» **What the exercise asks**:
Copy out exactly the lines below that run from the one holding "text - een duidelijke" to the one holding "text - Aan de", keeping both of those lines and no others.

━━━ Exercise data

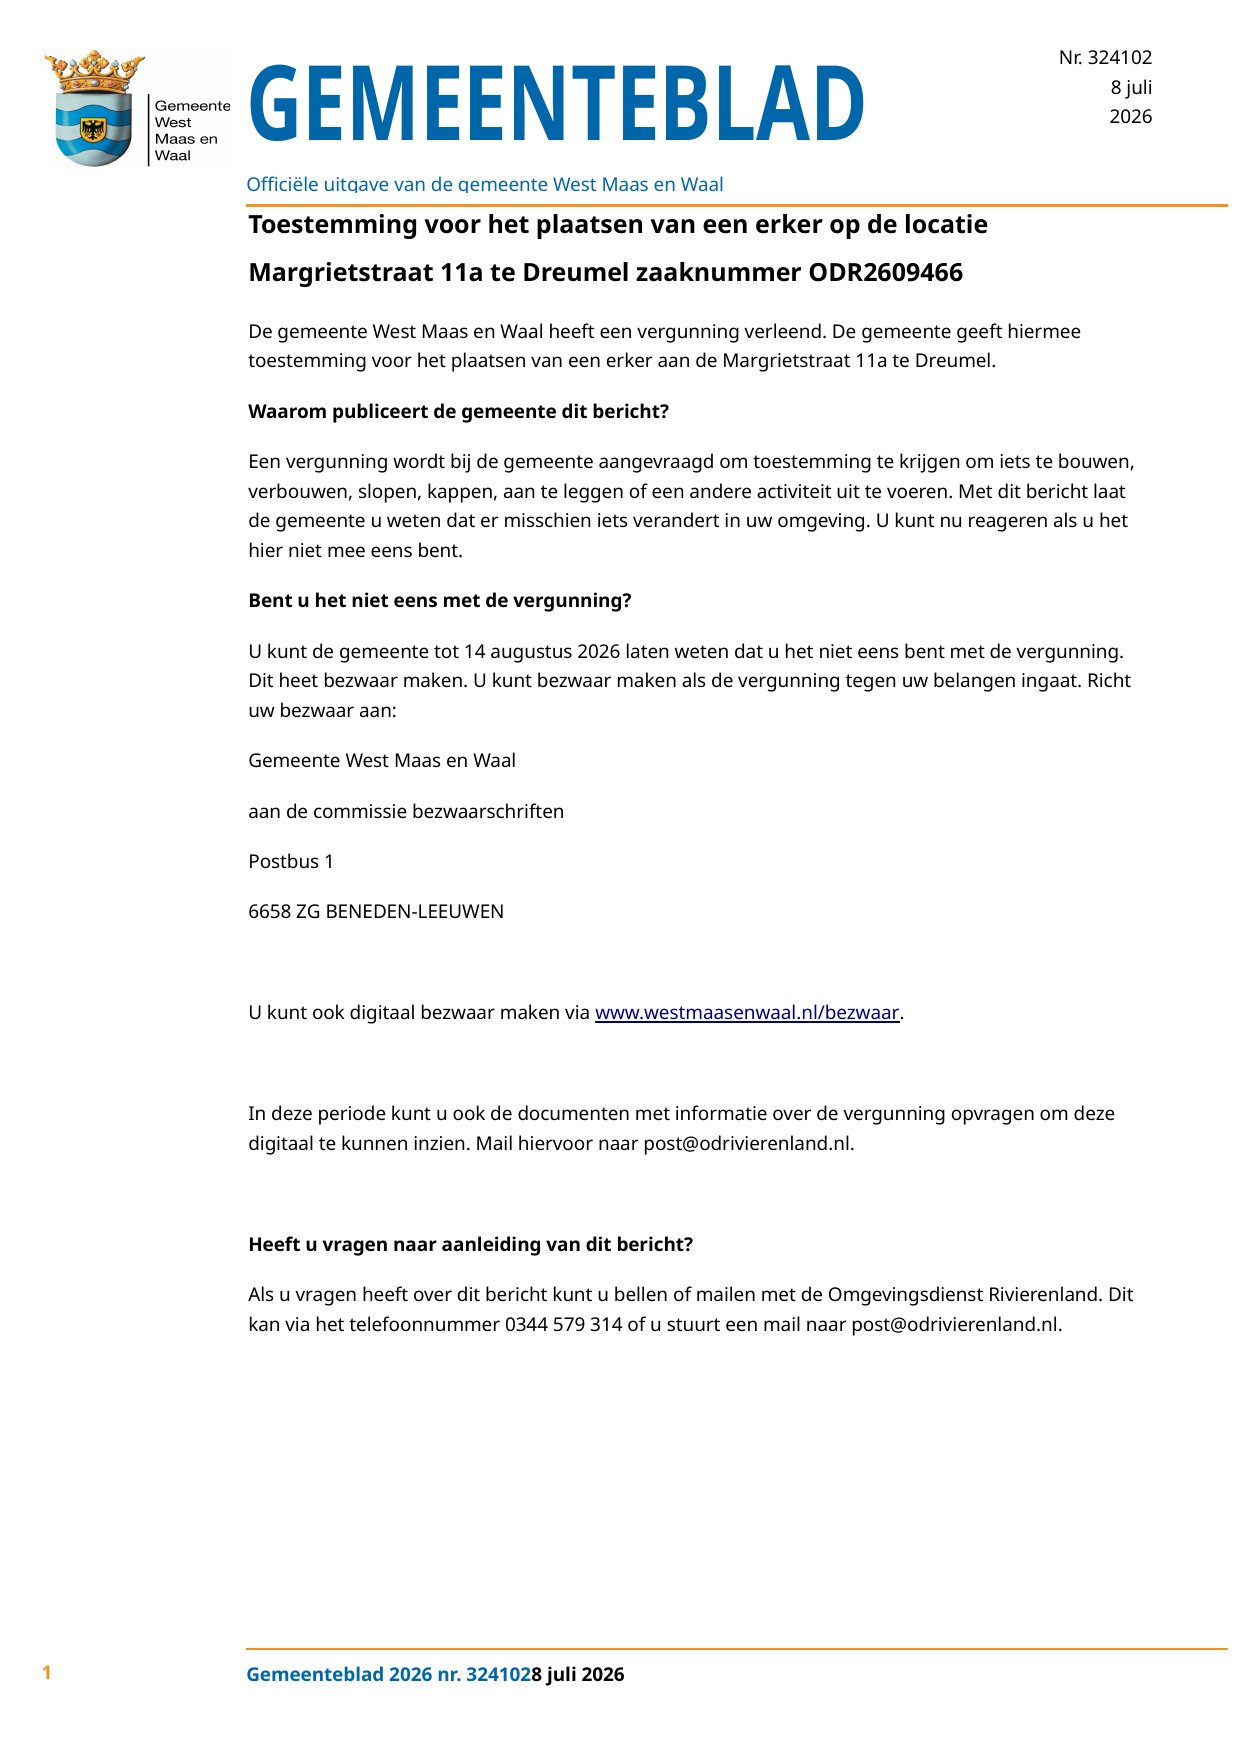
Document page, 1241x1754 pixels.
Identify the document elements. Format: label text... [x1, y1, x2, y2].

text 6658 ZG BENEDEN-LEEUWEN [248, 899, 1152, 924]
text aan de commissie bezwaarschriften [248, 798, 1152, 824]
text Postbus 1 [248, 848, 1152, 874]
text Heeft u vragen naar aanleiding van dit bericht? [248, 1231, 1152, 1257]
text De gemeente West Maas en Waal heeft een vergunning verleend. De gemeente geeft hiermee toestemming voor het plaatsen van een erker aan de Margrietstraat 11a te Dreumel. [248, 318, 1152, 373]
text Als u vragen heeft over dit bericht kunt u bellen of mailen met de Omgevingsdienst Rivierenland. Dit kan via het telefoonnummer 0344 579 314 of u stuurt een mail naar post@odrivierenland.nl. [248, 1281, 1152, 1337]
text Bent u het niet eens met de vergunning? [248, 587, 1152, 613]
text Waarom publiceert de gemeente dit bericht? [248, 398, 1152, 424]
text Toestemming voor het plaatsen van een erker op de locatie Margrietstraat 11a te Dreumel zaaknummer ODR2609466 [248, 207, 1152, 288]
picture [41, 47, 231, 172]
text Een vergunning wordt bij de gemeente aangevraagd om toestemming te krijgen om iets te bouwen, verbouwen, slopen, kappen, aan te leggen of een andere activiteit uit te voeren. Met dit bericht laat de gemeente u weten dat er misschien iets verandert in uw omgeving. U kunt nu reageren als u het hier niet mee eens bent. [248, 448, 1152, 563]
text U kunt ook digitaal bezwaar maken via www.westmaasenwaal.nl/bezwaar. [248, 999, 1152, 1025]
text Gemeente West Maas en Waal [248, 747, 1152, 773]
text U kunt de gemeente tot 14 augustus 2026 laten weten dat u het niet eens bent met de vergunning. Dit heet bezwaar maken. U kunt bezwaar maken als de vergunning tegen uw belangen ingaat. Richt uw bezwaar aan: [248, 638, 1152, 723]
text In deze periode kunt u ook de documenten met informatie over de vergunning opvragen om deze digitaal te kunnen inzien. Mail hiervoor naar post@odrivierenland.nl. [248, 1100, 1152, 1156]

━━━━━━
━━━ Exercise data

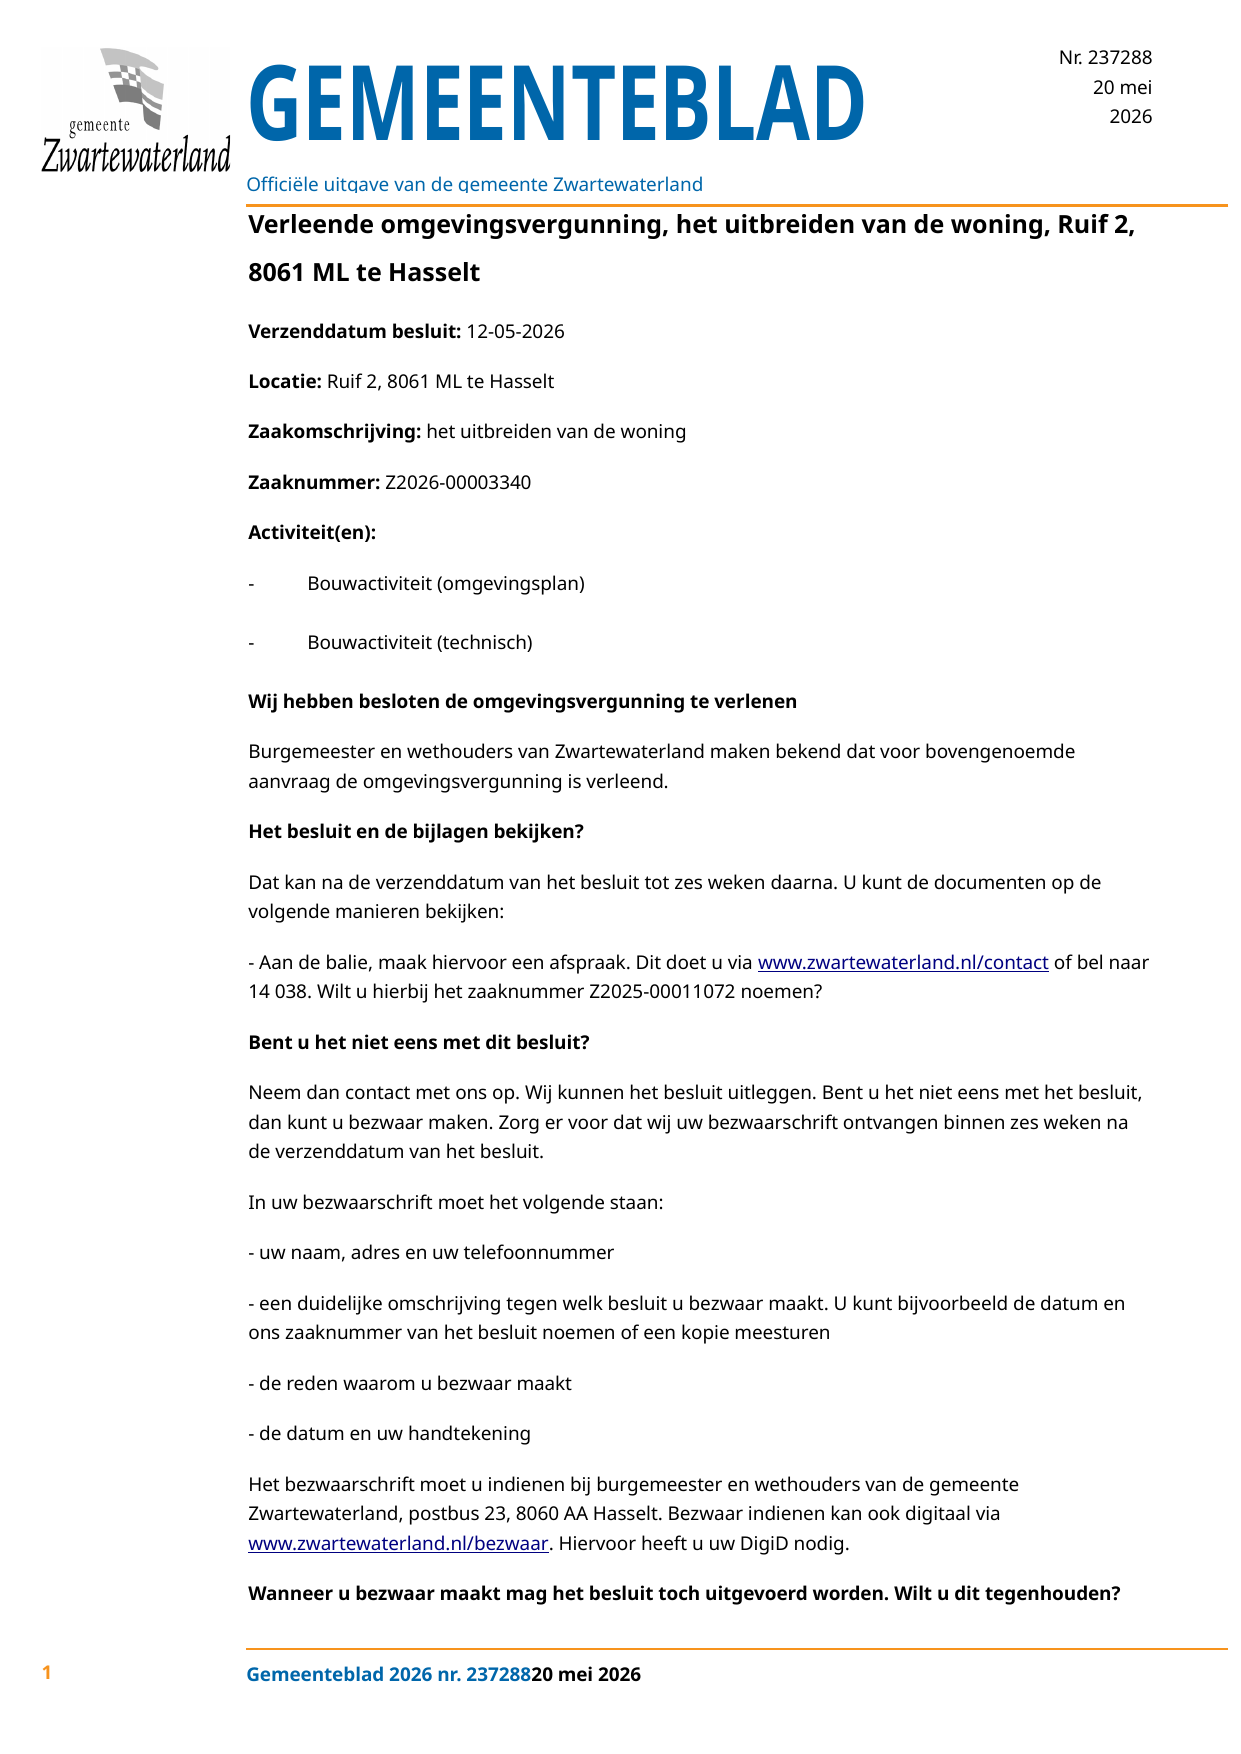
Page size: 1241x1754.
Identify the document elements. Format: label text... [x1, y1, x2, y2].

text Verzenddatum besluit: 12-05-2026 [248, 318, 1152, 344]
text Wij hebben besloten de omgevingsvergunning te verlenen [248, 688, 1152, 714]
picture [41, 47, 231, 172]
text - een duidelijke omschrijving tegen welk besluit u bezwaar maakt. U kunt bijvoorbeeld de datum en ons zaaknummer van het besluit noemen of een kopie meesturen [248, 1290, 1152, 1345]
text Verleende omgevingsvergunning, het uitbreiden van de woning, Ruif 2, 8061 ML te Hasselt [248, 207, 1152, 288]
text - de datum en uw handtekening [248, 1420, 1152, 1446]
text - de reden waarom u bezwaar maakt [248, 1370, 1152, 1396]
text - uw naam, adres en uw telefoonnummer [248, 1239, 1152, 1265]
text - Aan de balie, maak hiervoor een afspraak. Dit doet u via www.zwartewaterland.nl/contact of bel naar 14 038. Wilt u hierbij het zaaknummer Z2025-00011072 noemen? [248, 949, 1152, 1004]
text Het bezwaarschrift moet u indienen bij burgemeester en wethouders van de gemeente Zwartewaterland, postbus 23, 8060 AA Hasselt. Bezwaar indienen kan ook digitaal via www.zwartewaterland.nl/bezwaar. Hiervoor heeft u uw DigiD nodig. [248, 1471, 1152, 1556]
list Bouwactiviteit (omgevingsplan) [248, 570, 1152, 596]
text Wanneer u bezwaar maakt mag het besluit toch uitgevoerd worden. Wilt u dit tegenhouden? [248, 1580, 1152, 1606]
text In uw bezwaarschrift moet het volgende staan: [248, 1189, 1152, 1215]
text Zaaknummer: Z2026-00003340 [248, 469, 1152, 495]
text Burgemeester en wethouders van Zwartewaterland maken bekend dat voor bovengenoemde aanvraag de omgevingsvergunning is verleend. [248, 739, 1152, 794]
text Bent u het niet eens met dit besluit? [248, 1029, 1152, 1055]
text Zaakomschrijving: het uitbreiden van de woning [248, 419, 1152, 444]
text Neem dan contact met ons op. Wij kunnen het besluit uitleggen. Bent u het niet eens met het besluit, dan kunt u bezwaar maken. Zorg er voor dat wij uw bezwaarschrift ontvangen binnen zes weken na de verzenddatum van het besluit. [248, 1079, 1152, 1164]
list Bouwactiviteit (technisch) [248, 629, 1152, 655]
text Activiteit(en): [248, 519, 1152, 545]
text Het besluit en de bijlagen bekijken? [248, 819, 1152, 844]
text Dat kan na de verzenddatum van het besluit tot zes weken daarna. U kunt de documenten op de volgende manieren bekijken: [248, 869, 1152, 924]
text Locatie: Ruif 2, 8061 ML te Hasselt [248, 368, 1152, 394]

━━━━━━

» **Response to the task**:
text - een duidelijke omschrijving tegen welk besluit u bezwaar maakt. U kunt bijvoorbeeld de datum en ons zaaknummer van het besluit noemen of een kopie meesturen [248, 1290, 1152, 1345]
text Verleende omgevingsvergunning, het uitbreiden van de woning, Ruif 2, 8061 ML te Hasselt [248, 207, 1152, 288]
text - de datum en uw handtekening [248, 1420, 1152, 1446]
text - de reden waarom u bezwaar maakt [248, 1370, 1152, 1396]
text - uw naam, adres en uw telefoonnummer [248, 1239, 1152, 1265]
text - Aan de balie, maak hiervoor een afspraak. Dit doet u via www.zwartewaterland.nl/contact of bel naar 14 038. Wilt u hierbij het zaaknummer Z2025-00011072 noemen? [248, 949, 1152, 1004]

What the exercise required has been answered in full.